Coder Social home page Coder Social logo

svn2svn's Introduction

svn2svn

Replicate (replay) changesets from one Subversion repository to another.

Features

  • Meant for replaying history into an "empty" target location. This could be an empty target repo or simply an empty folder/branch in the target repo.
  • Maintains logical history (ancestry) when possible, e.g. uses "svn copy" for renames.
  • Maintains original commit messages.
  • Optionally maintain source commit authors (svn:author) and commit timestamps (svn:date). Requires a "pre-revprop-change" hook script in the target repo, to be able to change the "svn:author" and "svn:date" revprops after target commits have been made.
  • Optionally maintain identical revision #'s between source vs. target repo. Effectively requires that you're replaying into an empty target repo, or rather that the first source repo revision to be replayed is less than the last target repo revision. Create blank "padding" revisions in the target repo as needed.
  • Optionally run an external shell script before each replayed commit, to give the ability to dynamically exclude or modify files as part of the replay.

Requirements

  • Python 2.6 or higher.
  • Subversion 1.6 or higher.
  • Written for a UNIX-type environment, e.g. Linux, Mac OSX, etc. For Windows-based usage, recommend using Cygwin for best compatibility.

Overview

This is a utility for replicating the revision history from a source path in a source SVN repository to a target path in a target SVN repository. In other words, it "replays the history" of a given source SVN repository/branch/path into a target SVN repository/branch/path.

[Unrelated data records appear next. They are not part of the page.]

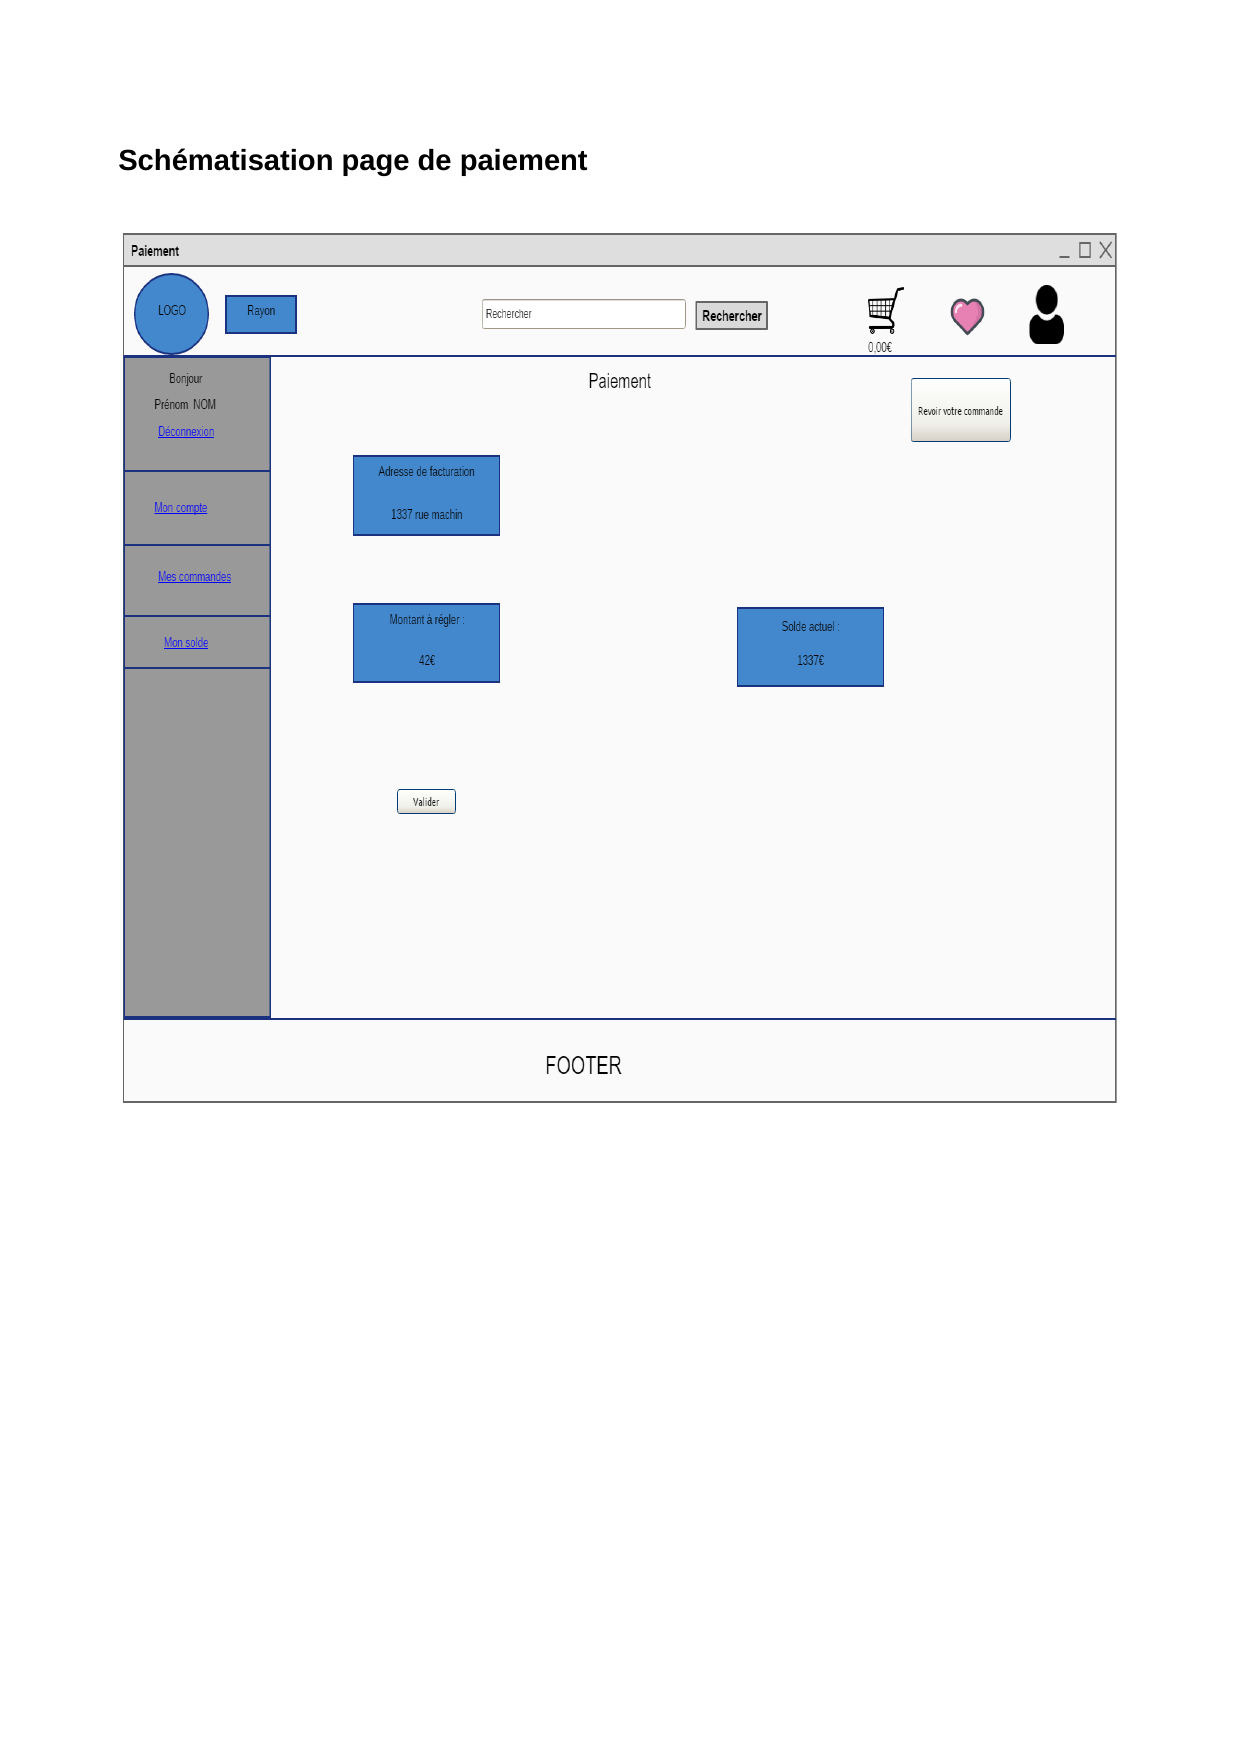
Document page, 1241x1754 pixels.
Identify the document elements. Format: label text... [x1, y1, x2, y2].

subtitle Schématisation page de paiement [118, 143, 1122, 177]
picture [121, 230, 1119, 1108]
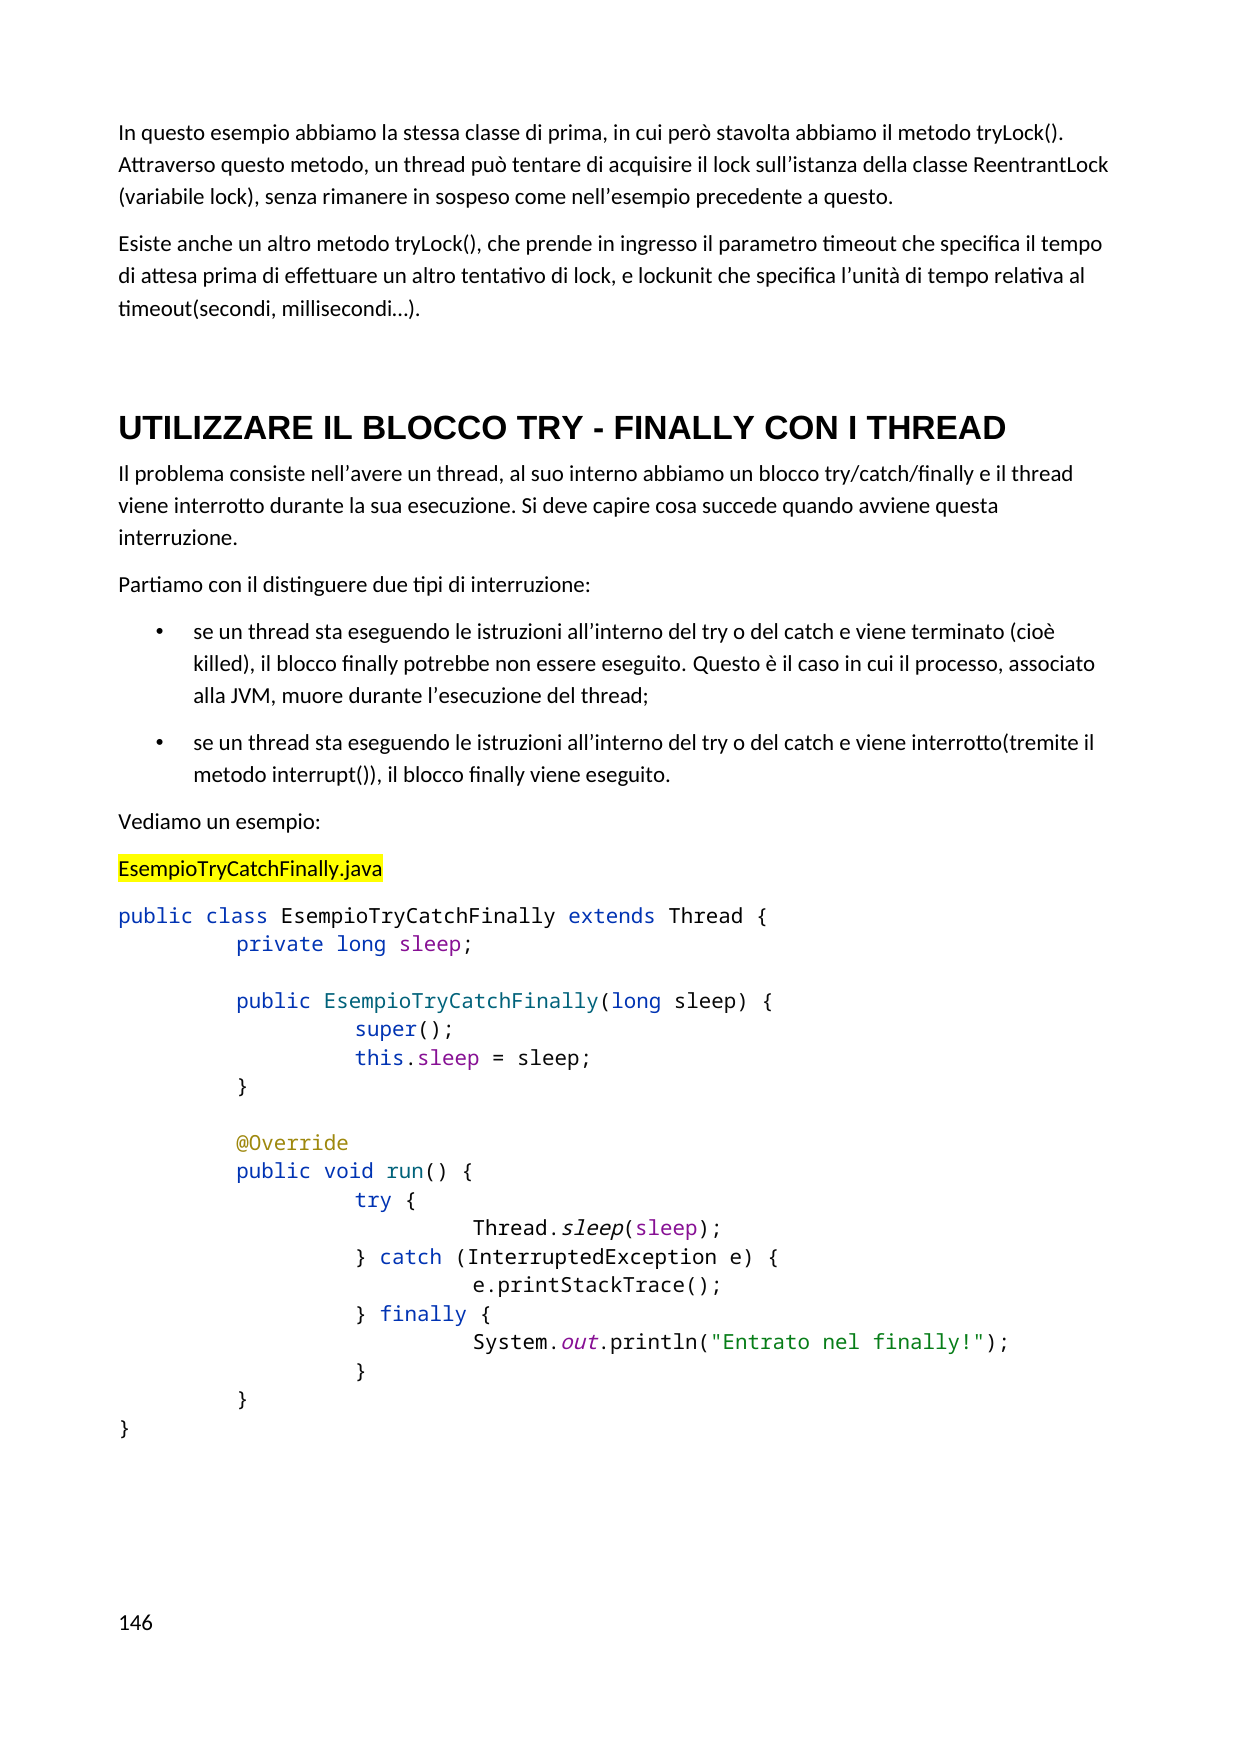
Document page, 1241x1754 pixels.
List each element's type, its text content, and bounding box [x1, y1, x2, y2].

text Vediamo un esempio: [118, 807, 1122, 835]
text Partiamo con il distinguere due tipi di interruzione: [118, 570, 1122, 598]
subtitle UTILIZZARE IL BLOCCO TRY - FINALLY CON I THREAD [118, 408, 1122, 447]
text In questo esempio abbiamo la stessa classe di prima, in cui però stavolta abbiamo il metodo tryLock(). Attraverso questo metodo, un thread può tentare di acquisire il lock sull’istanza della classe ReentrantLock (variabile lock), senza rimanere in sospeso come nell’esempio precedente a questo. [118, 118, 1122, 211]
text EsempioTryCatchFinally.java [118, 854, 1122, 882]
list se un thread sta eseguendo le istruzioni all’interno del try o del catch e viene terminato (cioè killed), il blocco finally potrebbe non essere eseguito. Questo è il caso in cui il processo, associato alla JVM, muore durante l’esecuzione del thread; [156, 617, 1122, 709]
text Il problema consiste nell’avere un thread, al suo interno abbiamo un blocco try/catch/finally e il thread viene interrotto durante la sua esecuzione. Si deve capire cosa succede quando avviene questa interruzione. [118, 459, 1122, 552]
text Esiste anche un altro metodo tryLock(), che prende in ingresso il parametro timeout che specifica il tempo di attesa prima di effettuare un altro tentativo di lock, e lockunit che specifica l’unità di tempo relativa al timeout(secondi, millisecondi…). [118, 229, 1122, 322]
list se un thread sta eseguendo le istruzioni all’interno del try o del catch e viene interrotto(tremite il metodo interrupt()), il blocco finally viene eseguito. [156, 728, 1122, 788]
text public class EsempioTryCatchFinally extends Thread { private long sleep; public EsempioTryCatchFinally(long sleep) { super(); this.sleep = sleep; } @Override public void run() { try { Thread.sleep(sleep); } catch (InterruptedException e) { e.printStackTrace(); } finally { System.out.println("Entrato nel finally!"); } } } [118, 901, 1122, 1441]
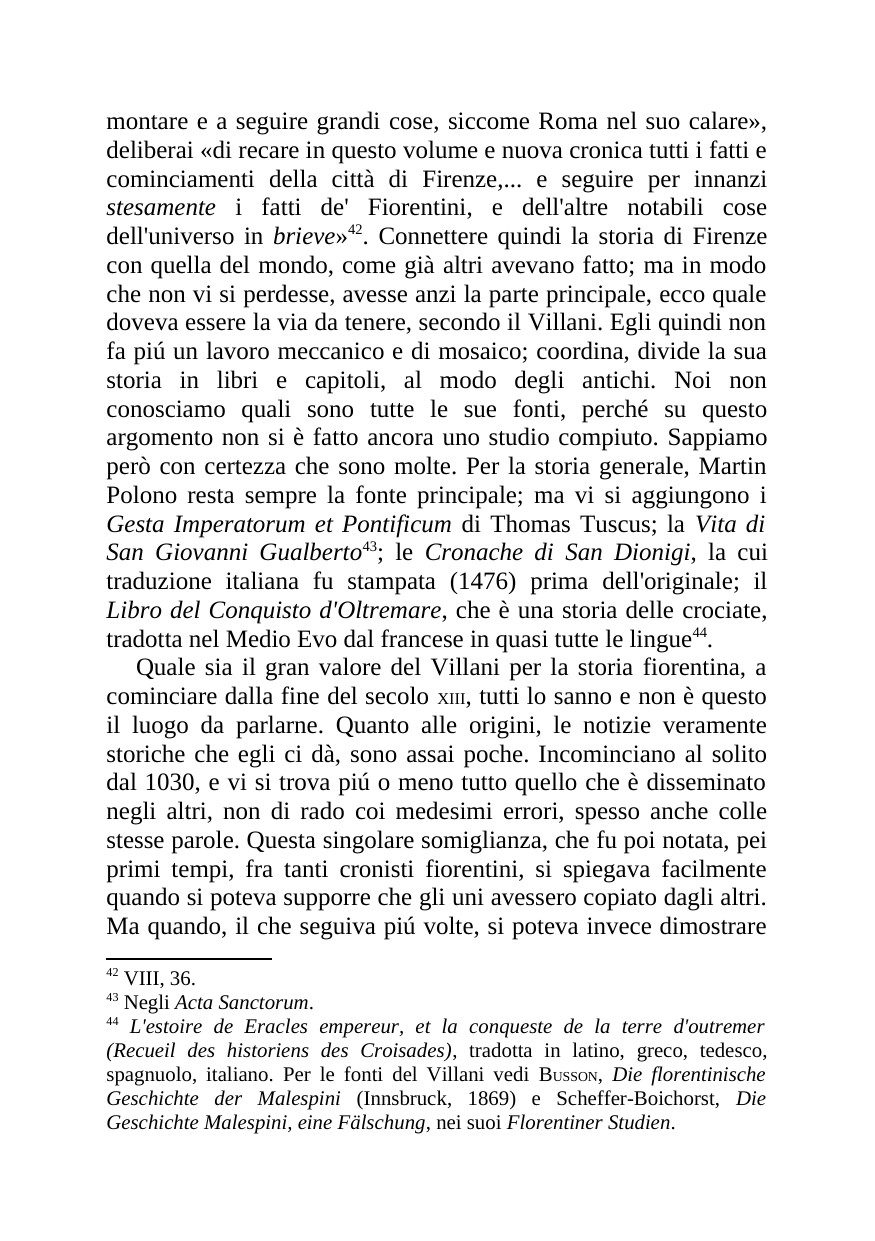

This can be useful to create filtered version of a source SVN repository. For example, say that you have a huge SVN repository with a lot of old branch history which is taking up a lot of disk-space and not serving a lot of purpose going forward. You can this utility to replay/filter just the "/trunk" SVN history into a new repository, so that things like "svn log" and "svn blame" will still show the correct (logical) history/ancestry, even though we end-up generating new commits which will have newer commit-dates and revision #'s (though this script can optionally maintain the original commit-dates and revision #'s if desired).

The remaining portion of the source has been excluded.